Ideally patronage relationships were grounded in mutual reciprocity, but the translation from theory to practice was inevitably imperfect. While in theory the patronage system reflected the underlying hierarchical order of the universe, in practice it created numerous opportunities for tensions, contradictions, suspicions, and resentment. By its very nature the patronage system involved the accommodation of egos with different, sometimes contradictory interests. The actual operation of the "system," in fact, was neither simple nor rigidly systematic; relations among its participants were likely to be complex and dialectical rather than straightforwardly casual. The opportunities for irony, ambiguity, paradox, and equivocation existed not only in the literary works to which patronage relations gave birth, but in the relations themselves.
Over the course of a career that spanned four decades and the reigns of three very different monarchs, Ben Jonson became perhaps the most spectacularly successful patronage poet of his era. House-guest of well-connected nobles, perennial author of holiday masques, and recipient of royal grants of money and sack, Jonson by middle age had become a fixture at the Jacobean court. He had achieved the kind of fame and social influence that had always eluded Spenser; and although his fortunes diminished in his final years, at his death a parade of nobles escorted him to the grave. Many of his best poems were addressed to patrons, and many more deal explicitly with patronage as a theme. During the course of his long career he met many of the typical challenges and fulfilled most of the common functions of the patronage poet. His work represents, to an unsuspected extent, a repertoire of responses to patronage pressures and influences. Yet discussion of the impact of patronage on Jonson's poetry has rarely been as complicated or extensive as the impact itself.
For this, Jonson's success is partly responsible. If any Jacobean poet benefited from patronage, he did. Compared to others--Donne, for instance--his rise was meteoric and his status secure. Year after year he won lucrative commissions to write masques for James's court, so that in time his prosperity became almost its own best guarantee. Aspiring courtiers who noted Jonson's favor with the King employed him to help win or maintain similar status for themselves. And if Jonson's poetry could enhance the prestige of one aristocrat, he was likely to win the attention and encouragement of others. The more he became known and regarded at court, the more likely he was to continue flourishing there. Jonson's experience with patronage can thus seem at first glance unproblematic--hence uninteresting and comparatively unimportant.

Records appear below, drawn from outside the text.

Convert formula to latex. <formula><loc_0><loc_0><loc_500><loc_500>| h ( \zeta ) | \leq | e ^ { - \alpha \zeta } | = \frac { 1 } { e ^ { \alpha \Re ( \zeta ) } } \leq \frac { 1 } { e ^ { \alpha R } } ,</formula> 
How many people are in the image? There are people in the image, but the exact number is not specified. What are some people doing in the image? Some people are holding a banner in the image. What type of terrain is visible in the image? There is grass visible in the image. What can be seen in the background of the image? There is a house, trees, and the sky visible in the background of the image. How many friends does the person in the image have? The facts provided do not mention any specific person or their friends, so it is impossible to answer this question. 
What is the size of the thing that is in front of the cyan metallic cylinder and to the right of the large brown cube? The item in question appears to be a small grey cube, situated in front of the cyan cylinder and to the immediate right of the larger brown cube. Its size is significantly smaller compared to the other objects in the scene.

But this account of Jonson's career is defectively simple. It substitutes the long view of literary history for Jonson's day-to-day lived experience. Looking back on his life from a distance of several centuries, it is much easier for us than it ever was for him to take his literary and social success for granted. Historical hindsight imposes a shape and thus a seeming inevitability on his career--an inevitability of which he was inevitably ignorant. His early years seem to have impressed upon him how uncertain and unpredictable life could be--the extent to which good fortune and status could depend upon chancy contingencies or luck. And his later experience as a competitor for patronage only reinforced that lesson. He sought patronage for the same reasons others did--to enhance his financial and social security--but he had the extra motive of winning back some of the status and concomitant self-esteem that his father's untimely death and mother's remarriage to a bricklayer had denied him.

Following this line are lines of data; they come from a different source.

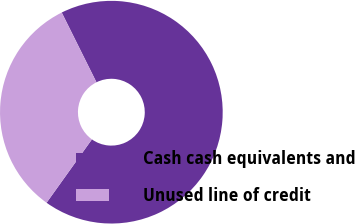<chart> <loc_0><loc_0><loc_500><loc_500><pie_chart><fcel>Cash cash equivalents and<fcel>Unused line of credit<nl><fcel>67.24%<fcel>32.76%<nl></chart> 
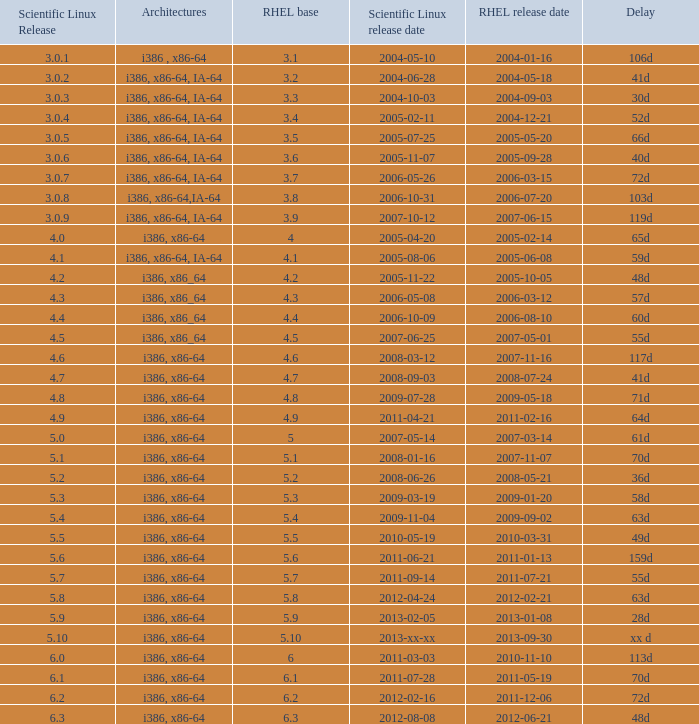Name the scientific linux release when delay is 28d 5.9. 
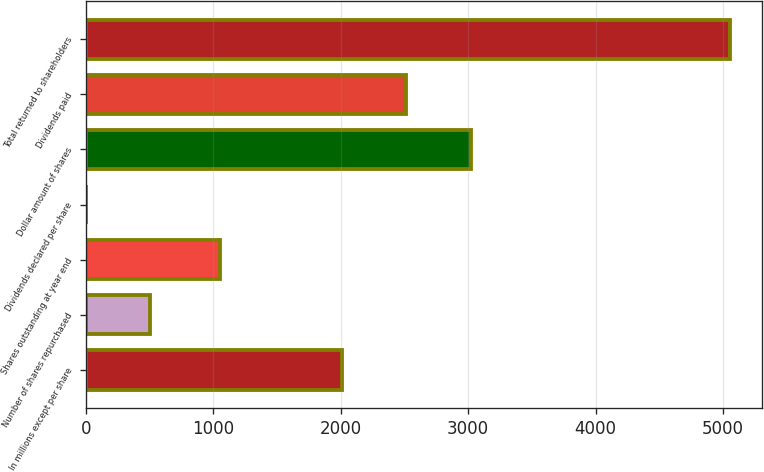Convert chart. <chart><loc_0><loc_0><loc_500><loc_500><bar_chart><fcel>In millions except per share<fcel>Number of shares repurchased<fcel>Shares outstanding at year end<fcel>Dividends declared per share<fcel>Dollar amount of shares<fcel>Dividends paid<fcel>Total returned to shareholders<nl><fcel>2010<fcel>507.73<fcel>1054<fcel>2.26<fcel>3020.94<fcel>2515.47<fcel>5057<nl></chart>

Jonson's struggle for social acceptance was thus more than pragmatically important: it was psychologically imperative. It was waged, moreover, in the face of recurrent, sometimes rancorous competition. Even a short list of Jonson's competitors--men he seems to have threatened or felt threatened by--reads like a Who's Who of Jacobean letters: Alexander, Brome, Chapman, Daniel, Day, Dekker, Jones, Marston, Overbury, and (most controversial of all) Shakespeare. Not all these men directly competed with Jonson for patronage, but his relations with none of them can entirely be separated from patronage concerns. Nor were all his challengers themselves historically important: some rate footnotes only for having quarrelled with Jonson, while the names of others--some of those he attacks in his Epigrammes, for instance--cannot be recovered. Yet the impact of such competition was immense, and no assessment of Jonson as a patronage poet can afford to ignore it. His patronage poems include not only those addressed to patrons, but those directed at the rivals who competed with him for their attention.

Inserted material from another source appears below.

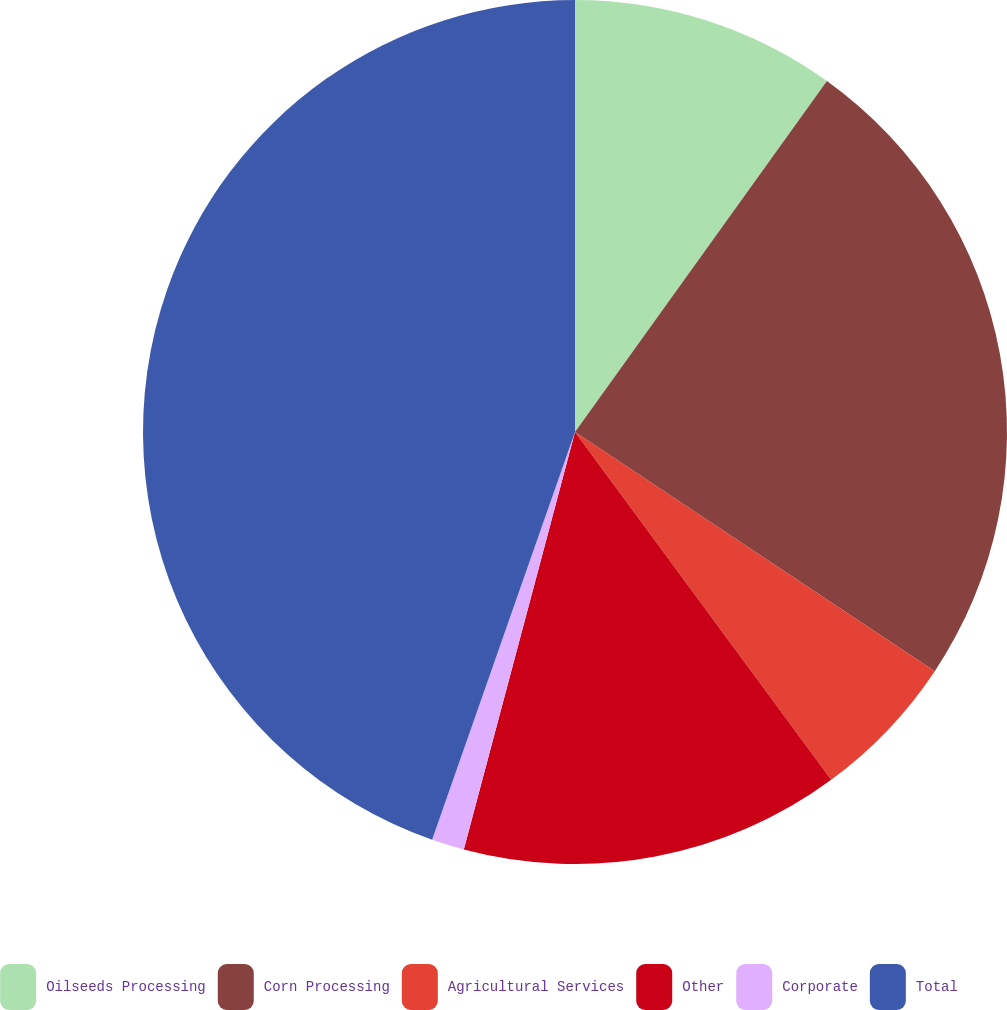Convert chart to OTSL. <chart><loc_0><loc_0><loc_500><loc_500><pie_chart><fcel>Oilseeds Processing<fcel>Corn Processing<fcel>Agricultural Services<fcel>Other<fcel>Corporate<fcel>Total<nl><fcel>9.91%<fcel>24.43%<fcel>5.56%<fcel>14.25%<fcel>1.22%<fcel>44.64%<nl></chart>

Even if Jonson had had no competitors to worry about, his position as a patronage poet would still not have been entirely secure. Patronage dependency, though more profitable and respectable than writing for the stage, was dependency nontheless and carried its own hazards. Indeed in certain respects the transition from the stage to the court could leave a poet more exposed to uncertainties and anxieties than before. A play might fail in the theatre because it did not please, but a poet might fail at court if his personality were unpleasant. Because the patronage system during this period was tied so intimately to the predilections and characteristics of individual patrons, it lacked many of the checks and balances, the institutional safeguards typical of the more impersonal patronage practiced, for instance, by private foundations and government endowments in twentieth-century democracies. At any time, for any reason, a patron could take offense, lose interest, lose influence, or die. A poet could win the favor of a noble lady along with the jealousy of her husband. He could anger a patron by angering the patron's friend, while words innocently meant could easily be misinterpreted and held against him. He could be used by an aristocrat while the aristocrat lived, then abused by the man's enemies when the patron passed away. These are not fanciful suppositions--all happened to Jonson at one time or another, and in most cases more than once. Poetry was never as important a concern to patrons as it was to the poets themselves, nor was the poet's actual social position ever as exalted as the poets wished. Unlike suitors with political or economic benefits to confer, the poet had relatively less to offer a patron and was thus relatively less secure. Even success, if it came, could breed anxieties of its own. The more acceptance Jonson found from patrons, for instance, the more his dependence on them grew and thus the more their possible rejection of him would have meant, financially and psychologically. By the closing years of James' reign, no one was more aware than Jonson himself how unusual his social position was: reason enough both to doubt its security and to fight to maintain it.
These twin sources of anxiety--the inherently unstable nature of the relationship between poet and patron, and the inevitable fact of continuous competition for patronage support--arguably had a profound, even determining influence on Jonson's life and art. Coupled with the uncertainties he experienced in his early years, such anxieties must have affected in minute fashion the ways in which he thought about, executed, and presented each of his poems. Of course, almost all writers will, with different degrees of self-consciousness, need to anticipate the possible reactions of their audiences. And such anticipation will affect not only what they write, but how. For the patronage poet, however--and for Jonson in particular--such considerations must have been more important than we can probably today appreciate. For him, each poem was quite literally a calculated risk; he could never confidently predict how his patrons or competitors might react to it, and yet he knew that their reactions would determine his future in fundamental ways. As such, the poem was invested with an immense amount of psychic energy and life; a patronage perspective on Jonson's works would be valuable if it did nothing other than return to use some sense of that kind of energy.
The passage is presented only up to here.